# Charging for 'site visits'



## sawakatoome (24 May 2008)

My new self-employing job (I.T. Consultancy) is going to entail callouts from time to time. Which means I'll need to factor in costs for travel expenses .. does anyone know what the standard rate is per mile?


Also, should I charge an extra standard 'callout charge', like maybe €25 for the site visit (irrespective of distance and time allowance)?


Fergal #.


----------



## sawakatoome (17 Jun 2008)

bump


----------



## mathepac (17 Jun 2008)

Try using the search facility (3rd button from the right), topic covered before, and the moderators may have words with you regrading the bump on your own post.

I.T. Consultancy - hhhmmm.


----------



## Towger (17 Jun 2008)

Do you think I could get a plummer to have look at a washing machine for €25. Try shifting the decimal point and adding some. And then some more.


----------



## sparkeee (17 Jun 2008)

is that some one who picks plums?


----------



## DavyJones (17 Jun 2008)

Towger said:


> Do you think I could get a plummer to have look at a washing machine for €25. Try shifting the decimal point and adding some. And then some more.


 
Really? that much? If you ever need a plumber, give me a shout


----------



## aircobra19 (17 Jun 2008)

sawakatoome said:


> My new self-employing job (I.T. Consultancy) is going to entail callouts from time to time. Which means I'll need to factor in costs for travel expenses .. does anyone know what the standard rate is per mile?
> 
> 
> Also, should I charge an extra standard 'callout charge', like maybe €25 for the site visit (irrespective of distance and time allowance)?
> ...


 
You should be able to work out per mile what running a car and being on site per hour costs.


----------



## sawakatoome (17 Jun 2008)

Thanks for the replies.

Sorry for the terse original post .. I lost my job (working in a software solutions company) earlier this year, my wife and I were very busy trying to raise a small family and make ends meet .. I'm currently a stay-at-home Dad (with multiple sclerosis) trying to bring up two small boys .. and, well, its rare I get a chance to go online for long these days. Oh well.

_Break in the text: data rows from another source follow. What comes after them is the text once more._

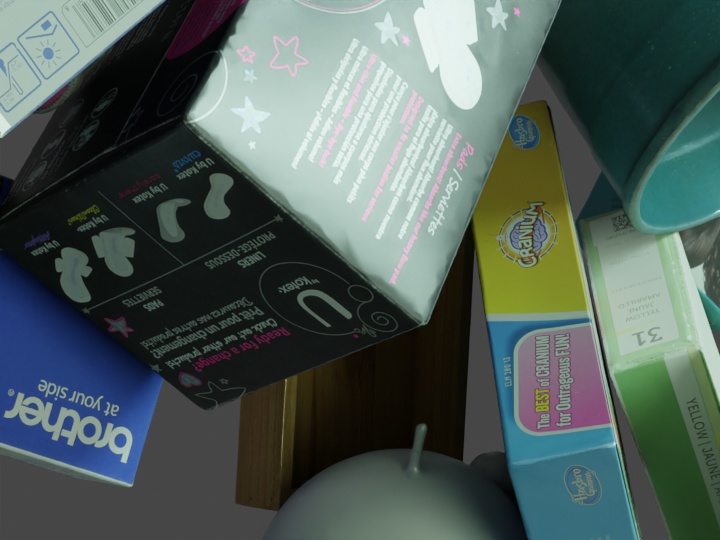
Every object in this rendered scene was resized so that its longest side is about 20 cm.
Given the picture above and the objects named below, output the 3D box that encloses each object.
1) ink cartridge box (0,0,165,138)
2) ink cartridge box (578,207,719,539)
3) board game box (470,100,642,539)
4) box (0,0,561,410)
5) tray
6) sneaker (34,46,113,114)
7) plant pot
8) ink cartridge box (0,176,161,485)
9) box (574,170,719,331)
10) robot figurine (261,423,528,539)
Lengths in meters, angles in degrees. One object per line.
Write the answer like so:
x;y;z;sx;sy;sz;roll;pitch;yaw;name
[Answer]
-0.077;-0.109;0.713;0.200;0.094;0.044;-45;110;-29;ink cartridge box
0.145;0.085;0.967;0.200;0.048;0.146;-93;164;-49;ink cartridge box
0.081;0.052;0.909;0.200;0.040;0.153;-95;171;-49;board game box
-0.022;-0.069;0.813;0.115;0.132;0.200;41;52;-21;box
0.000;0.000;0.953;0.099;0.037;0.200;4;90;-39;tray
-0.124;-0.103;0.801;0.088;0.081;0.200;55;45;-11;sneaker
0.140;-0.151;0.944;0.200;0.200;0.188;-22;68;-36;plant pot
-0.161;0.006;0.812;0.200;0.044;0.094;23;77;-36;ink cartridge box
0.182;-0.075;1.085;0.082;0.049;0.200;41;67;-31;box
0.022;0.152;0.905;0.170;0.113;0.200;-53;142;-35;robot figurine
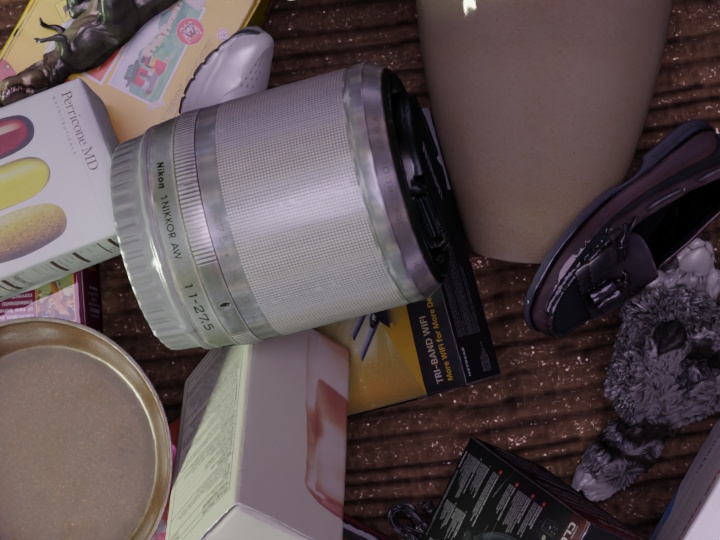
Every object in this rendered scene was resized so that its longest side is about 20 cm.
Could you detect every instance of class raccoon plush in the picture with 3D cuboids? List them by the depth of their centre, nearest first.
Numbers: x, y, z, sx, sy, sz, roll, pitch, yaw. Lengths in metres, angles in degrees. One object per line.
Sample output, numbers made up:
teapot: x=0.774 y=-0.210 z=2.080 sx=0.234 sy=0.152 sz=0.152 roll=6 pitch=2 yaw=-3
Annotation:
raccoon plush: x=0.196 y=0.053 z=1.584 sx=0.097 sy=0.134 sz=0.200 roll=28 pitch=119 yaw=-37

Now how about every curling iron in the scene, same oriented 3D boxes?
curling iron: x=-0.027 y=0.170 z=1.607 sx=0.199 sy=0.026 sz=0.050 roll=18 pitch=74 yaw=5

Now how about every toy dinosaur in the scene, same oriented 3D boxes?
toy dinosaur: x=-0.181 y=-0.194 z=1.540 sx=0.200 sy=0.047 sz=0.088 roll=-32 pitch=102 yaw=0

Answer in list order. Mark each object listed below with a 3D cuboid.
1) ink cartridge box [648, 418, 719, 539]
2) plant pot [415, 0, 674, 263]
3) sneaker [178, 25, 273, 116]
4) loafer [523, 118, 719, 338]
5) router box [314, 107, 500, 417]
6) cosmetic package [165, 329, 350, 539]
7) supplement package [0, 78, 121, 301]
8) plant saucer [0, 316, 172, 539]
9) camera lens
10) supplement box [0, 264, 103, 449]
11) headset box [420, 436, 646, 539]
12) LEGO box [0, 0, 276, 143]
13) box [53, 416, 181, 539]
ink cartridge box: x=0.284 y=0.188 z=1.507 sx=0.125 sy=0.200 sz=0.129 roll=31 pitch=89 yaw=3
plant pot: x=0.126 y=-0.112 z=1.551 sx=0.187 sy=0.187 sz=0.201 roll=3 pitch=104 yaw=2
sneaker: x=-0.087 y=-0.077 z=1.547 sx=0.087 sy=0.074 sz=0.201 roll=26 pitch=117 yaw=22
loafer: x=0.197 y=-0.025 z=1.517 sx=0.063 sy=0.072 sz=0.200 roll=33 pitch=71 yaw=35
router box: x=0.000 y=0.000 z=1.562 sx=0.157 sy=0.052 sz=0.201 roll=-18 pitch=86 yaw=34
cosmetic package: x=-0.068 y=0.131 z=1.471 sx=0.087 sy=0.200 sz=0.103 roll=29 pitch=126 yaw=-20
supplement package: x=-0.257 y=-0.040 z=1.495 sx=0.199 sy=0.110 sz=0.114 roll=-22 pitch=85 yaw=0
plant saucer: x=-0.221 y=0.133 z=1.509 sx=0.199 sy=0.034 sz=0.201 roll=-1 pitch=84 yaw=13
camera lens: x=-0.047 y=-0.041 z=1.434 sx=0.199 sy=0.160 sz=0.161 roll=-14 pitch=87 yaw=10
supplement box: x=-0.247 y=0.049 z=1.588 sx=0.110 sy=0.086 sz=0.201 roll=-4 pitch=87 yaw=2
headset box: x=0.115 y=0.222 z=1.503 sx=0.077 sy=0.200 sz=0.149 roll=24 pitch=93 yaw=-29
LEGO box: x=-0.161 y=-0.181 z=1.599 sx=0.149 sy=0.077 sz=0.200 roll=30 pitch=89 yaw=3
box: x=-0.168 y=0.213 z=1.564 sx=0.103 sy=0.095 sz=0.200 roll=45 pitch=96 yaw=2

Sorry if I stepped on any toes with the post. Thanks anyway.


----------



## sparkeee (18 Jun 2008)

Lets call it a "call out charge",most professionals do this.


----------



## aircobra19 (18 Jun 2008)

Do you know what it currently costs you per hour to break even.


----------



## ubiquitous (18 Jun 2008)

Best bet is to try to find out from sources in the industry (not your direct competitors) how they structure their charges and if these make sense to you, adopt their policies or adapt them as you see fit.


----------



## techman (15 Jul 2008)

You could charge a standard hourly rate and also a slightly higher rate for the first half hour. This would cover a callout cost.

Example: €50 per hour, €60 for first half hour.


----------



## j26 (15 Jul 2008)

You could have banded rates €25 up to 10 miles, €40 up to 30 miles etc (obviously work out your own prices and distances)

I suppose civil service mileage rates would be a good starting point to look at as I believe several organisations benchmark off these.


----------



## d2x2 (26 Jul 2008)

To give you a rough idea...

When we travel outside of Dublin (where we are based) the company I work for reimburses mileage at the rate of 57 cents per mile. However, each client agrees a different mileage rate which could be anything from 57-89 cents per mile.

BTW some clients agree to different rates for different engine sizes.

Hope this helps


----------



## hikicker (26 Jul 2008)

I'm in the critical power industry (Comms rooms etc) and charge €300 for a callout which includes first hour labour or travel. An hourly rate (depending on time of day) starting at €70 per hour for weekdays up to €170 for more unsocial hours is charged thereafter. The general rule of thumb within most industries is a minimum of 4 hours charge per callout whether you are on site for 5 minutes or 3 hours. Mileage should be approx €1 per mile (63 cent/km) charged to client


----------